Assume we are designing an fMRI experiment, with a blocked design (10 seconds on / 10 seconds off). We can use neuRosim
to create our design.
totaltime <- 152*2
onsets <- seq(1,totaltime,40)
dur <- 20
s <- specifydesign(totaltime=totaltime,onsets=list(onsets),durations=dur,
accuracy=1,effectsize=1,TR=2)
plot(s,type='l')
We could probably expect neurons to be firing very fast, but the signal that we measure is a dependent of the oxygen in the blood which comes only a few seconds later. The signal that we expect looks like this:
s <- specifydesign(totaltime=totaltime,onsets=list(onsets),durations=dur,
accuracy=1,effectsize=1,TR=2,conv="double-gamma")
plot(s,type='l')
If we would now estimate whether a voxel is significantly related to the task, we would regress the signal from a resting state dataset onto this design matrix. If we do that, we can assume the null hypothesis: any relation between the design and the signal is by chance.

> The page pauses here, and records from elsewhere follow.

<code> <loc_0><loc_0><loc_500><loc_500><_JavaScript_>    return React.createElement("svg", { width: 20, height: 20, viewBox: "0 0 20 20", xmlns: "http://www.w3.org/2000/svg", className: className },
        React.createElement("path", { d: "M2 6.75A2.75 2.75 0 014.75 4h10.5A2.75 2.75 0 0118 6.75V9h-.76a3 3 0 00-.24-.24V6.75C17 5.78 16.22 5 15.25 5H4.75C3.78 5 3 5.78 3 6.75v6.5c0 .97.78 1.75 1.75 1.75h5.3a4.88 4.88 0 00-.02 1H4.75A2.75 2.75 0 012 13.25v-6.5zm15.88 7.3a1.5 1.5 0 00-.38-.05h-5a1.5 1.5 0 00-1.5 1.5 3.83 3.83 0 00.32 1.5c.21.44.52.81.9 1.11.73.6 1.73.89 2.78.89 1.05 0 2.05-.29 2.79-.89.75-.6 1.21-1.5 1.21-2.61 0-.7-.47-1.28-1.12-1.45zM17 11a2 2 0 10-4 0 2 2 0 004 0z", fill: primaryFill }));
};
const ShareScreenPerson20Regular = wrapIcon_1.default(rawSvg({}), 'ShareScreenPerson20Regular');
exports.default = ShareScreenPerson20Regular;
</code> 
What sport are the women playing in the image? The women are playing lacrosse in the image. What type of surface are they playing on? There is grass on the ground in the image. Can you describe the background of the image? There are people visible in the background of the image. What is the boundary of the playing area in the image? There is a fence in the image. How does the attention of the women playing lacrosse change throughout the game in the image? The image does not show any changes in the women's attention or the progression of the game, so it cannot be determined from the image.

Ideally, we would now do this for all voxels, but for computational reasons, we’ll focus on parcels (1000’s of voxels vs 39 parcels).

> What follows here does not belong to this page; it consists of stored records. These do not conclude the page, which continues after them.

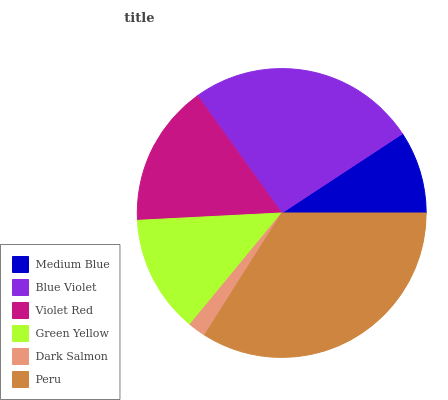Is Dark Salmon the minimum?
Answer yes or no. Yes. Is Peru the maximum?
Answer yes or no. Yes. Is Blue Violet the minimum?
Answer yes or no. No. Is Blue Violet the maximum?
Answer yes or no. No. Is Blue Violet greater than Medium Blue?
Answer yes or no. Yes. Is Medium Blue less than Blue Violet?
Answer yes or no. Yes. Is Medium Blue greater than Blue Violet?
Answer yes or no. No. Is Blue Violet less than Medium Blue?
Answer yes or no. No. Is Violet Red the high median?
Answer yes or no. Yes. Is Green Yellow the low median?
Answer yes or no. Yes. Is Green Yellow the high median?
Answer yes or no. No. Is Violet Red the low median?
Answer yes or no. No.

Ideally, we would now extract the time series ourselves, but of or computational reasons, the time series are already extracted in the data folder (CNP_ts/
).
Let’s look at one subject.
datdir <- 'CNP_ts/'
files <- list.files(datdir)
timeseries <- read.table(paste0(datdir,files[2]),sep=",")
head(timeseries,2)
V1 V2 V3 V4 V5 V6 V7
1 -0.1950061 0.2783514 -0.559840 -0.3996359 1.0245059 1.0665180 0.1788859
2 -0.5303118 0.1370437 -0.731119 -0.5694947 0.7857156 0.4777555 -0.1150351
V8 V9 V10 V11 V12 V13 V14 V15
1 0.6270506 0.1775939 1.417099 1.261883 0.7566771 2.252137 1.569789 1.3837699
2 0.1530690 -0.3995555 1.136001 1.172791 0.3141784 1.583866 1.139964 0.9155217
V16 V17 V18 V19 V20 V21 V22
1 1.318610 0.3197243 -0.3064194 -0.4392510 -0.898600 -0.4151906 -0.3008893
2 1.027048 -0.6107545 -0.6941234 -0.8259567 -1.006105 -0.4625272 -0.4666169
V23 V24 V25 V26 V27 V28 V29
1 1.0183324243 1.1613632 1.1515451 0.3756378 0.1103843 0.1391557 0.3727925
2 0.0007187072 0.8576137 0.5978735 -0.3542256 -0.5289335 -0.1650633 0.0348114
V30 V31 V32 V33 V34 V35 V36
1 0.831866 -1.354775 1.777831 0.07237729 -0.3987264 -0.03841347 -1.038179
2 0.247771 -1.256893 1.514126 0.04430596 -0.8933236 -0.27476992 -1.729911
V37 V38 V39
1 1.2687749 -0.2517349 -0.6559813
2 0.9014437 -0.7673380 -0.9268040
plot(timeseries$V1,type="l")
lines(s,col=2)
Now let’s regress our data onto a random design.
timeseries$design <- s
model <- lm("V1 ~ design",data=timeseries)
summary(model)
Call:
lm(formula = "V1 ~ design", data = timeseries)
Residuals:
Min 1Q Median 3Q Max
-2.48198 -0.73232 -0.02282 0.74389 2.37832
Coefficients:
Estimate Std. Error t value Pr(>|t|)
(Intercept) 0.1417 0.1049 1.351 0.1788
design -0.3898 0.1851 -2.106 0.0369 *
---
Signif. codes: 0 ‘***’ 0.001 ‘**’ 0.01 ‘*’ 0.05 ‘.’ 0.1 ‘ ’ 1
Residual standard error: 0.9921 on 150 degrees of freedom
Multiple R-squared: 0.02871, Adjusted R-squared: 0.02224
F-statistic: 4.434 on 1 and 150 DF, p-value: 0.03689
summary(model)$coefficients
Estimate Std. Error t value Pr(>|t|)
(Intercept) 0.1416964 0.1048957 1.350832 0.17878356
design -0.3898186 0.1851187 -2.105777 0.03688945
pval <- summary(model)$coefficients[2,4]
tval <- summary(model)$coefficients[2,3]
print(paste("pvalue: ",pval," - tvalue:",tval))
[1] "pvalue: 0.0368894469806956 - tvalue: -2.10577655168616"
Now we can loop this.
pvals <- c()
tvals <- c()
i = 1
for (file in files){
timeseries <- read.table(paste0(datdir,file),sep=",")
timeseries$design <- s
model <- lm("V1 ~ design",data=timeseries)
pvals[i] <- summary(model)$coefficients[2,4]
tvals[i] <- summary(model)$coefficients[2,3]
i = i+1
}
sum(pvals<0.05)/length(pvals)
[1] 0.2192308
Let’s look at the distribution of t-values.
hist(tvals,freq=FALSE,ylim=c(0,0.4))
x <- seq(-6,6,length=1000)
y <- dt(x,151)
lines(x,y)
Exercises
- What happens when you choose a more random design (onsets not evenly spaced)?
- Do you observe the same pattern in another?
Can you make a loop (around the loop) that saves the false positive rate for all parcels.
hint: with
paste0("V",j,"~design")
, you can make the model specification dependent on an index j.
Key Points
It can be very insightful to use resting data to validate task methods.